Management also drove the team feeling by continually staying in touch and freely giving both praise and suggested improvements.
Physical meetings were infrequent but scheduled. They were both practical and social, giving a chance to get to know colleagues outside text or phone interactions.
Colleagues and associated teams made the most of face-to-face meetings. The sales team always made sure they spent time together before and after visits to customers and potential customers.
Consider team skill mix and have a driving purpose
Recently, I worked with a small team to organize the first game-based cybersecurity conference, Play Secure. It was hard establishing a new conference around a novel theme. And with the conference being entirely online, we needed to ensure it didn’t feel like just another set of webinars.
For fully remote working with a new team, it went especially well. I think the team’s success secret was the right combination of interpersonal skills and a shared sense of mission. We didn’t get so burnt out through increased online interaction and were motivated enough by purpose to overcome the limitations of the tools.
Use your tools on a strong foundation
Lockdowns led to my becoming a fully remote worker, which fits the needs of my customers spread across different time zones. My work is usually intensive with short periods of decision support for customers, then intervals for research and consideration. Projects can have different delivery speeds. You need to adapt to others’ work demands and availability and establish rapport over a simple video call.

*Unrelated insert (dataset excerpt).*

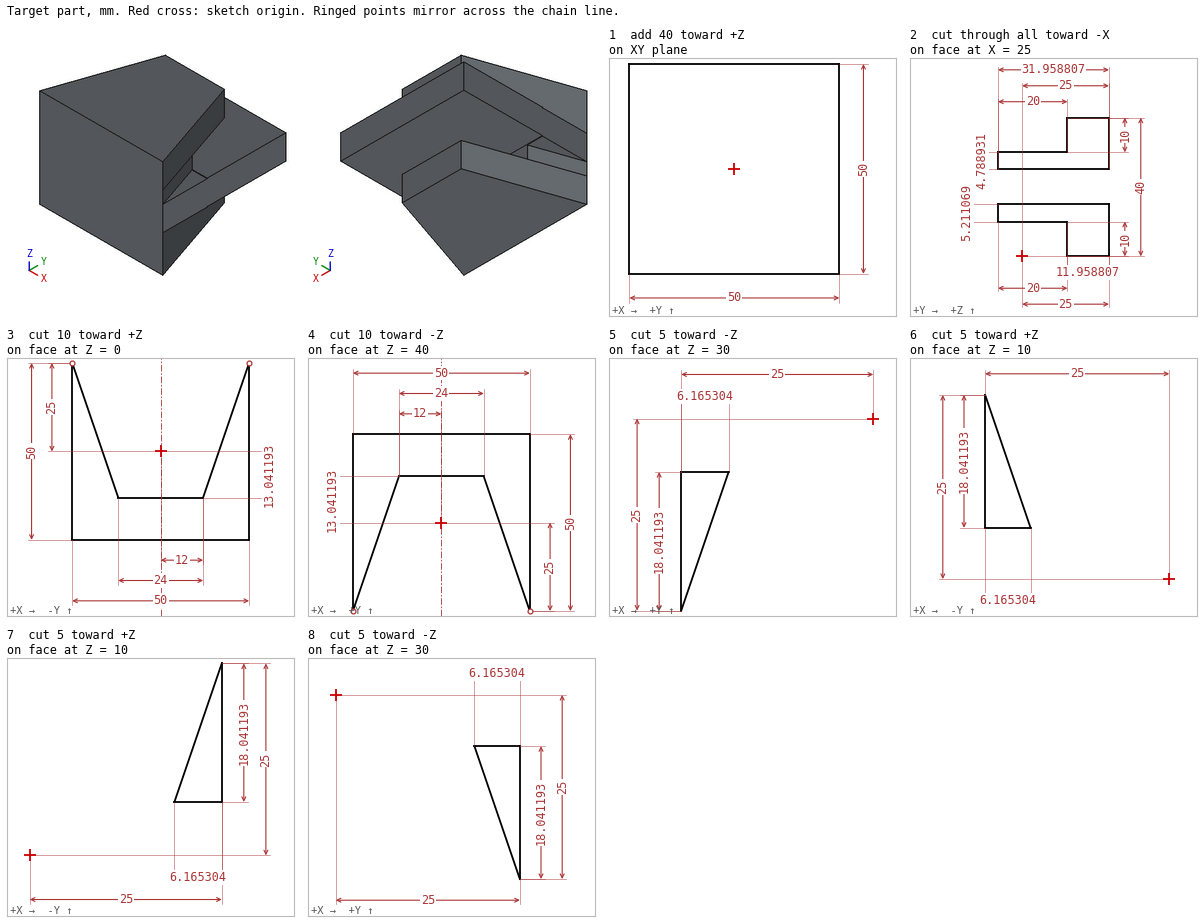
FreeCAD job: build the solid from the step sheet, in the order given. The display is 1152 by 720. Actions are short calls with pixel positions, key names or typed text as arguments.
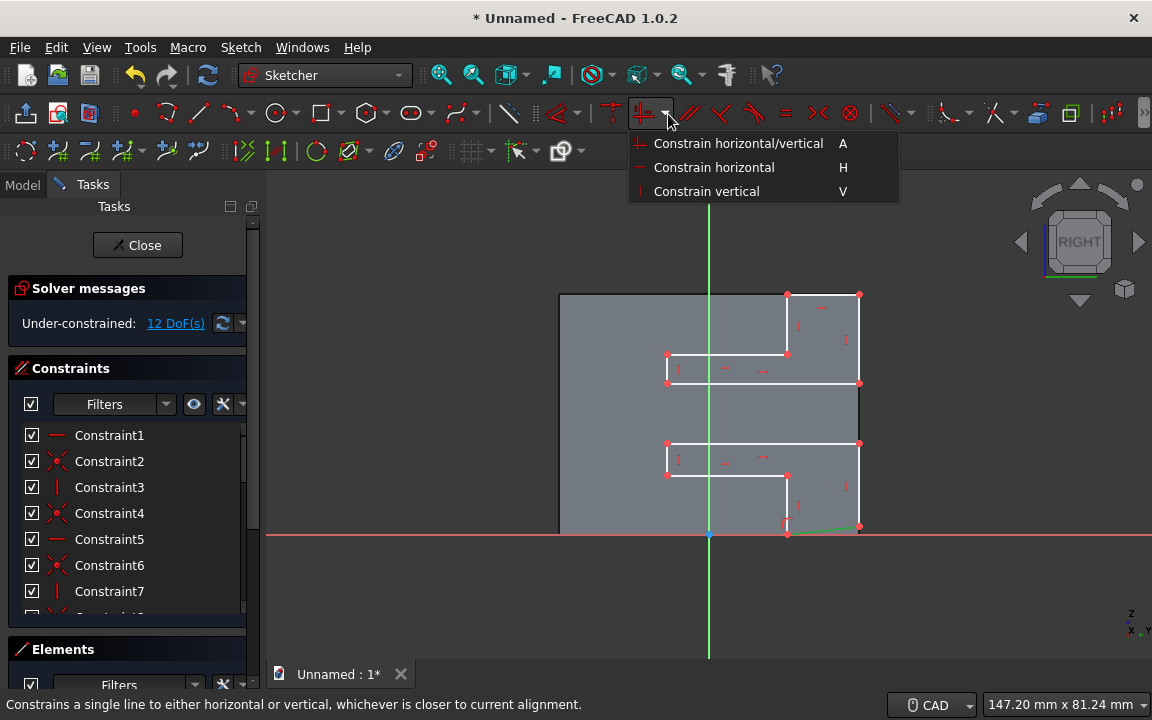
click(764, 167)

In this case, I think tools make a difference. It’s hard to find a positive aspect to the pandemic, but the mass adoption of video conferencing has helped my work. It lets me give timely advice to customers without being limited by travel time and cost.
When deciding to go remote-first
Throughout my career, I see online collaboration has been most effective when I, and those around me, have thought about how we use the tools to emphasize our advantages and negate the tools’ weaknesses.

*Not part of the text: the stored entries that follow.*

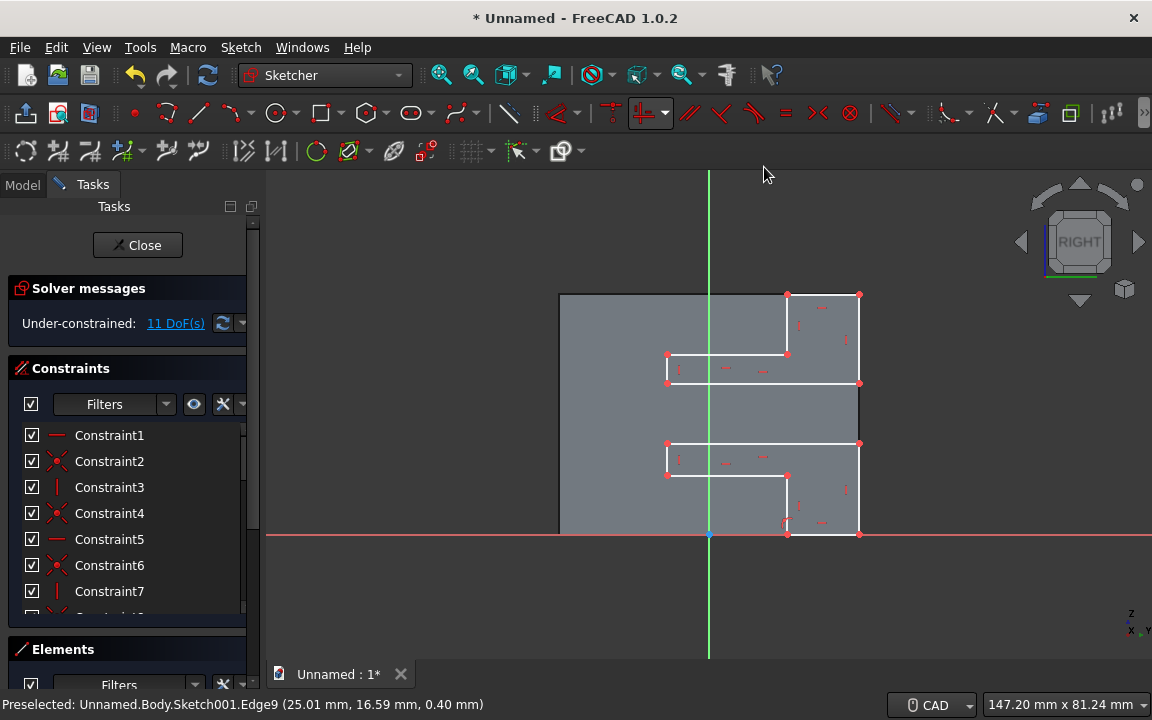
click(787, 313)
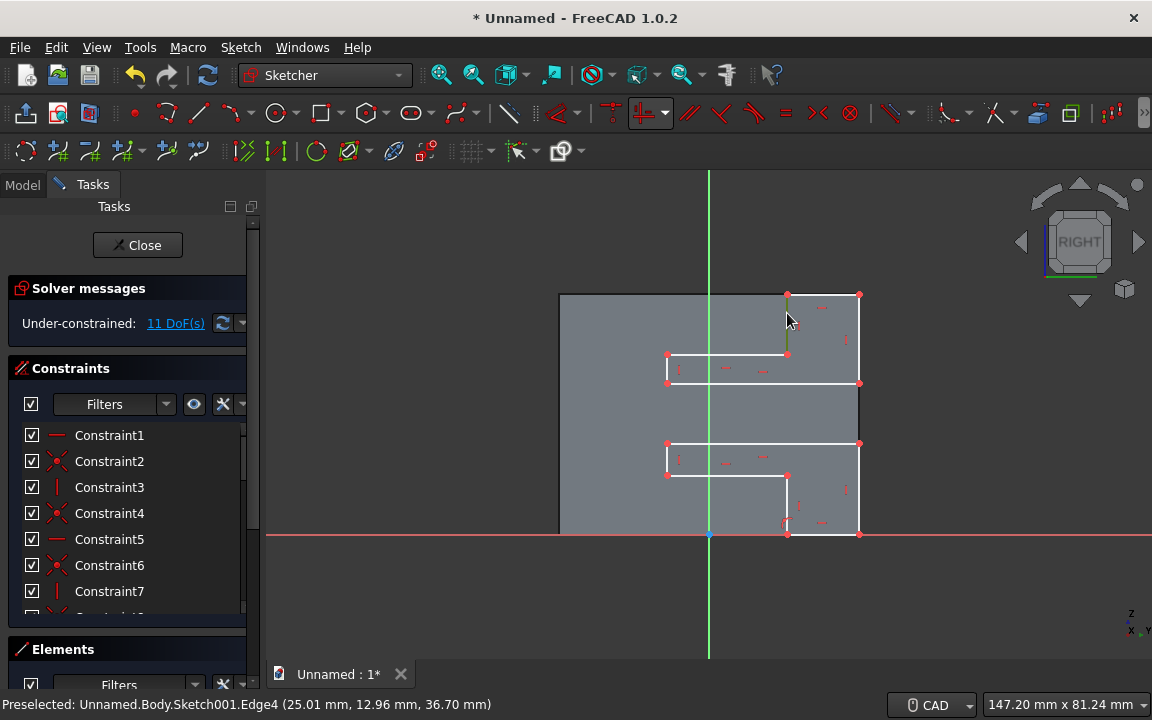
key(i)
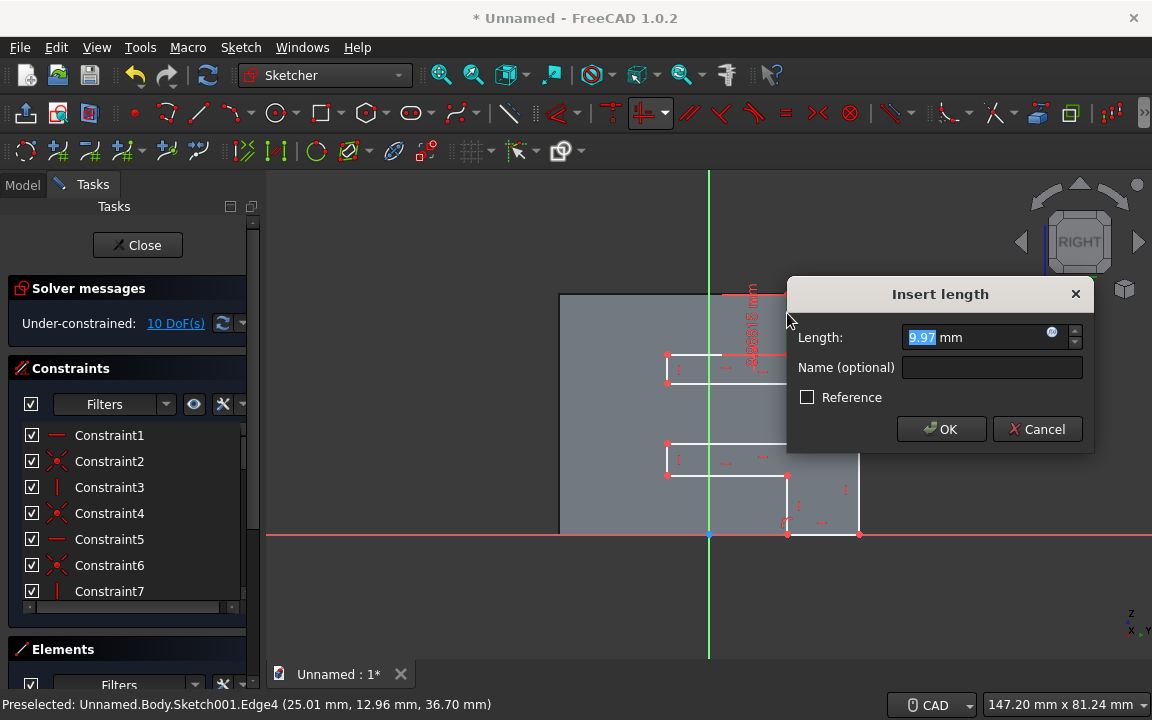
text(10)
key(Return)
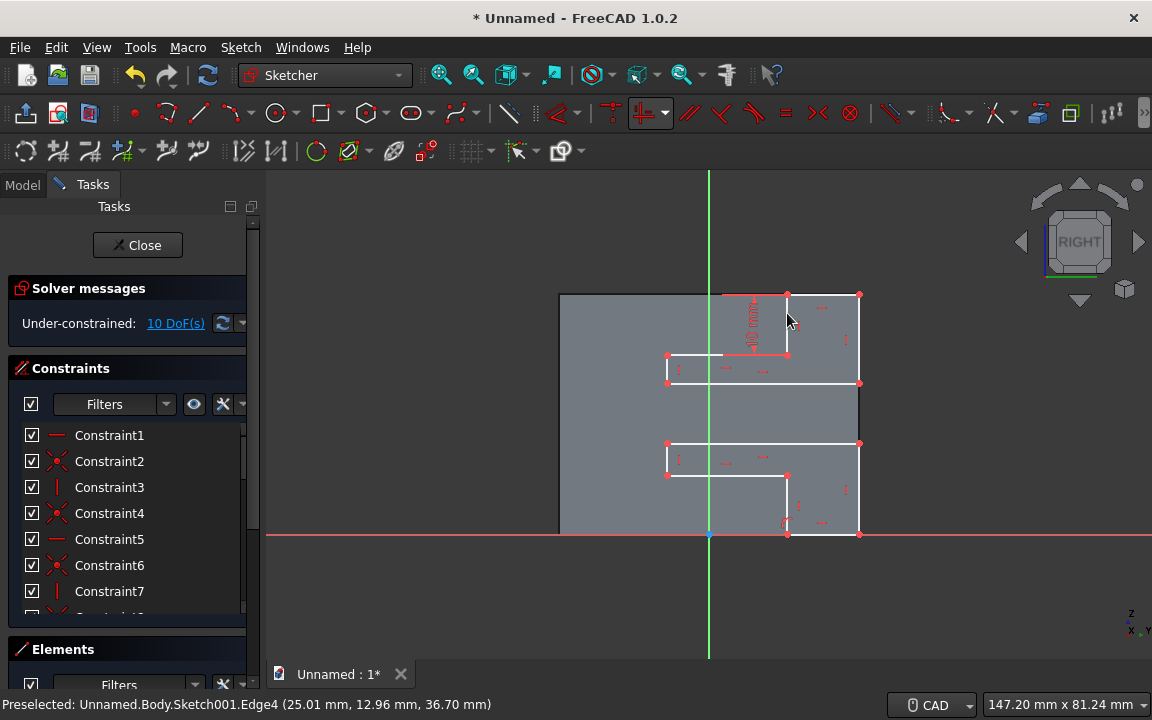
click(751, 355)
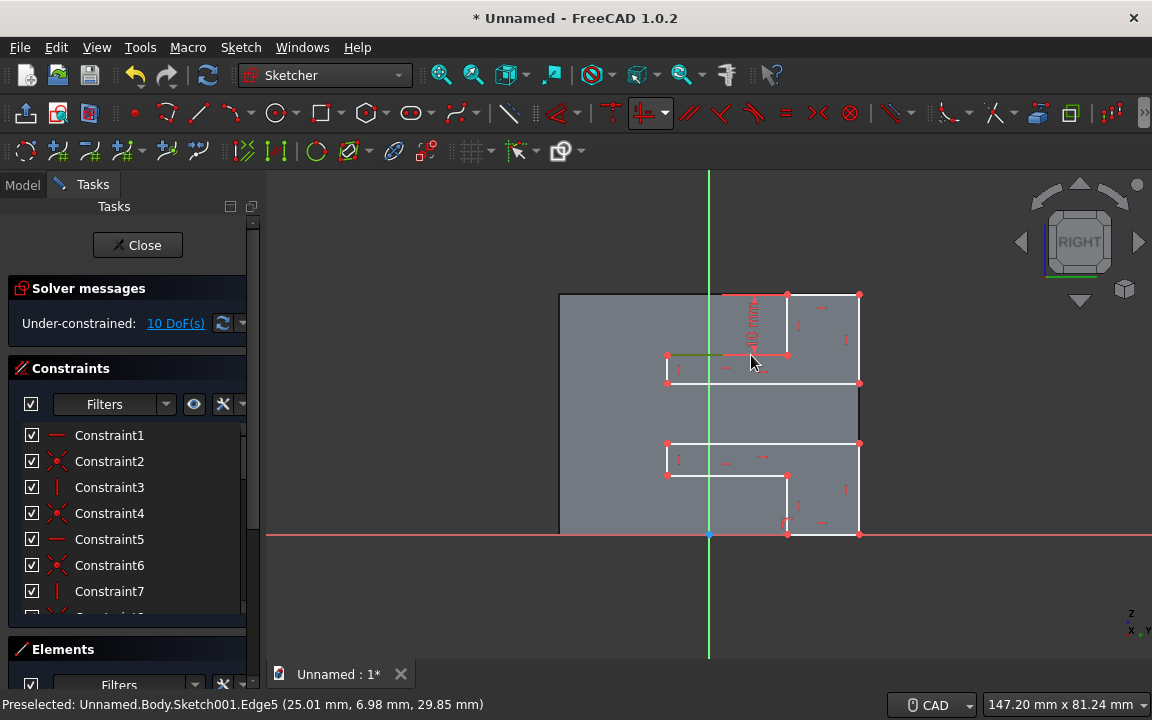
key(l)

If you or your team want to go remote-first, think through what has worked for you and what hasn’t. Take staff preferences into account. Meeting in person once a week, once a month, or once a quarter can greatly affect team wellbeing and cohesion.
It’s easier for a distributed team to come together than for an in-office team to work apart and avoid interruptions successfully. With the savings on the costs of office space and time spent commuting, opportunities abound for thoughtful organizations to enjoy the benefits of remote work by forging their own ‘new normal.’